YOUR ASSIGNMENT: In the data that follows, every line containing the word "pixels" should be returned.

INPUT FOR THIS TASK:
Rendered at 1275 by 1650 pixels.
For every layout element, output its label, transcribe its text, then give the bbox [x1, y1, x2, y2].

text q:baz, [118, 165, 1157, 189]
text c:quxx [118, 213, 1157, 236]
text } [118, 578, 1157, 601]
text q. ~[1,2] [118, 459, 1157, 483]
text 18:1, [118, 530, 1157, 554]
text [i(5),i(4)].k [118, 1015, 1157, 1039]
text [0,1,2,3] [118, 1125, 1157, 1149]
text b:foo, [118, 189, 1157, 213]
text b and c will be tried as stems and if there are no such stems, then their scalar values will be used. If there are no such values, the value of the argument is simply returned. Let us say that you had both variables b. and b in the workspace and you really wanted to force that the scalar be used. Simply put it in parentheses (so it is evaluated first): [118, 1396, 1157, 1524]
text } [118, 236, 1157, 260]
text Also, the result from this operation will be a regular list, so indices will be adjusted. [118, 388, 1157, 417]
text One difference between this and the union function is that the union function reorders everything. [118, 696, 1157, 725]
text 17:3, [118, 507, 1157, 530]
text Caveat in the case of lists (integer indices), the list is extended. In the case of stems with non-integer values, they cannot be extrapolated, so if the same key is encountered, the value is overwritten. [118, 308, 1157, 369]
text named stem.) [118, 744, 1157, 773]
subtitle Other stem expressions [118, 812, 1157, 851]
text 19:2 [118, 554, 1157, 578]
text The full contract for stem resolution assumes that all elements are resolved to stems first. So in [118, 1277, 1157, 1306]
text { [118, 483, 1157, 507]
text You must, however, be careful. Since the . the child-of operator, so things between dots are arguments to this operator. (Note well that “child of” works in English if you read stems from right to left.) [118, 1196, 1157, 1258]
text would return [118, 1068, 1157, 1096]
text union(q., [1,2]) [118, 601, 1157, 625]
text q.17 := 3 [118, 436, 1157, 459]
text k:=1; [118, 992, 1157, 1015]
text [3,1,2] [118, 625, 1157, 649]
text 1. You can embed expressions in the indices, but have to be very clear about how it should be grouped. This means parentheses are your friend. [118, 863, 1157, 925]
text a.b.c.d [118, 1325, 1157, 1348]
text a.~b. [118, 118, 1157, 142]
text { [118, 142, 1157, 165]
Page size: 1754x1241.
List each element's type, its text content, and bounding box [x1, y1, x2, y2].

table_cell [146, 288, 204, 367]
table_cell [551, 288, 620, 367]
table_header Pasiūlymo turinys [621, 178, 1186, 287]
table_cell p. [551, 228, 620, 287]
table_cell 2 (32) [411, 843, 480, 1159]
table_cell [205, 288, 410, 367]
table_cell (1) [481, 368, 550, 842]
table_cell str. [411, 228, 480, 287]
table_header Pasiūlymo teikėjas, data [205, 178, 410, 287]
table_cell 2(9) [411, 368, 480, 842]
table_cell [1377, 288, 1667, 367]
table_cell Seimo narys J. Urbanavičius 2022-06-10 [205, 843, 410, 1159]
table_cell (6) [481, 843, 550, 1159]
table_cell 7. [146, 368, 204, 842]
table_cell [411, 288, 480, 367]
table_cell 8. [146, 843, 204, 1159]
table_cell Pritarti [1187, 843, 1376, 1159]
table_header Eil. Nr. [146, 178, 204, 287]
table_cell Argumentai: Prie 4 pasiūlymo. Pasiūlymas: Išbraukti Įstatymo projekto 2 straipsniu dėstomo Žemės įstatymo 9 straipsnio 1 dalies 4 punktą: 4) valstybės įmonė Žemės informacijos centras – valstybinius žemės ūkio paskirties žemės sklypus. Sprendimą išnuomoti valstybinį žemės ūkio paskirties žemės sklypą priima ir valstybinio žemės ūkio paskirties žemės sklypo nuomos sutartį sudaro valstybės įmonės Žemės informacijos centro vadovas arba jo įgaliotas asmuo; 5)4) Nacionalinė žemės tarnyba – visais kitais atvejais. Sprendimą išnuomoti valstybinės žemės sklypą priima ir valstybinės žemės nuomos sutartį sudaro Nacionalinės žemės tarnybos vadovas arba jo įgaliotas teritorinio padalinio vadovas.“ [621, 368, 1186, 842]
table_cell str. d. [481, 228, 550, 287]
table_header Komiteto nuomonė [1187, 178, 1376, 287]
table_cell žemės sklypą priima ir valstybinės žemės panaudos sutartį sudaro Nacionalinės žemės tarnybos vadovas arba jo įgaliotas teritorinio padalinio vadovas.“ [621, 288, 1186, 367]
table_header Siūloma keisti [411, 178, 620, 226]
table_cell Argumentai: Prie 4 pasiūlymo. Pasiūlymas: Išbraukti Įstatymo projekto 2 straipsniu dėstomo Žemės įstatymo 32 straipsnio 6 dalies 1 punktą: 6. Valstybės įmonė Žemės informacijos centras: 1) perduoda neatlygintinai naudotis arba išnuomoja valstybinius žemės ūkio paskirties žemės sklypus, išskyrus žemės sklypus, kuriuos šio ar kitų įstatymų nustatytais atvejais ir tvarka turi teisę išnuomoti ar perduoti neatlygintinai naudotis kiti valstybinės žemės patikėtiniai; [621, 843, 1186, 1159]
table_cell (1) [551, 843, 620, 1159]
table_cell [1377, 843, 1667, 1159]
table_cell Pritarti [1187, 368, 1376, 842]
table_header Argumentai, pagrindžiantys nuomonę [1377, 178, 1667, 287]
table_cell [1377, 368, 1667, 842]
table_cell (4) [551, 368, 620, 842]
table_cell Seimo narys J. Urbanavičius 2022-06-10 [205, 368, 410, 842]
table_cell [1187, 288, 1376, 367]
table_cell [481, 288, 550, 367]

--

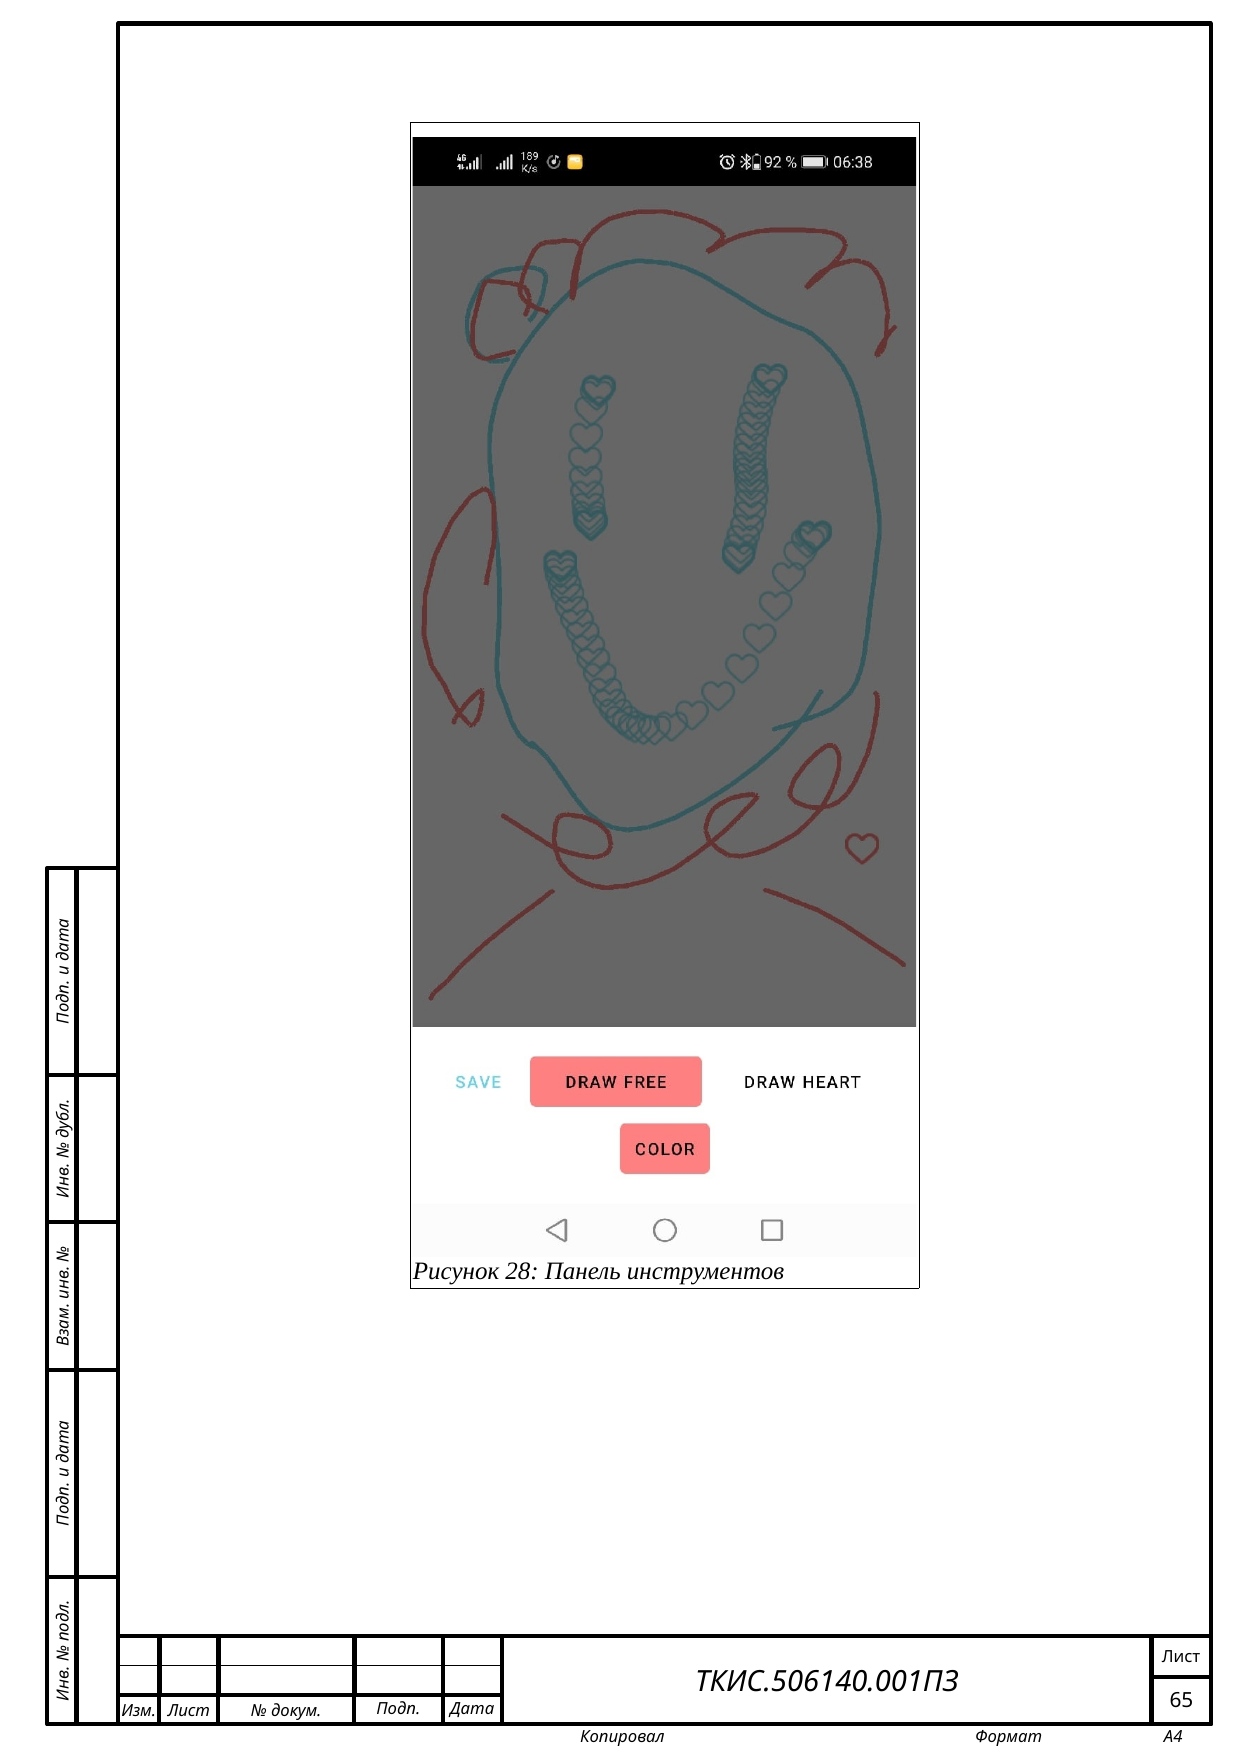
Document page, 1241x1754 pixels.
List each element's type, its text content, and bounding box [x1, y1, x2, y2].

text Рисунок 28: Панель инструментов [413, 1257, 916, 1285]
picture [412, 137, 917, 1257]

SOLUTION FOR THIS TASK:
Rendered at 1275 by 1650 pixels.
Document page, 1241x1754 pixels.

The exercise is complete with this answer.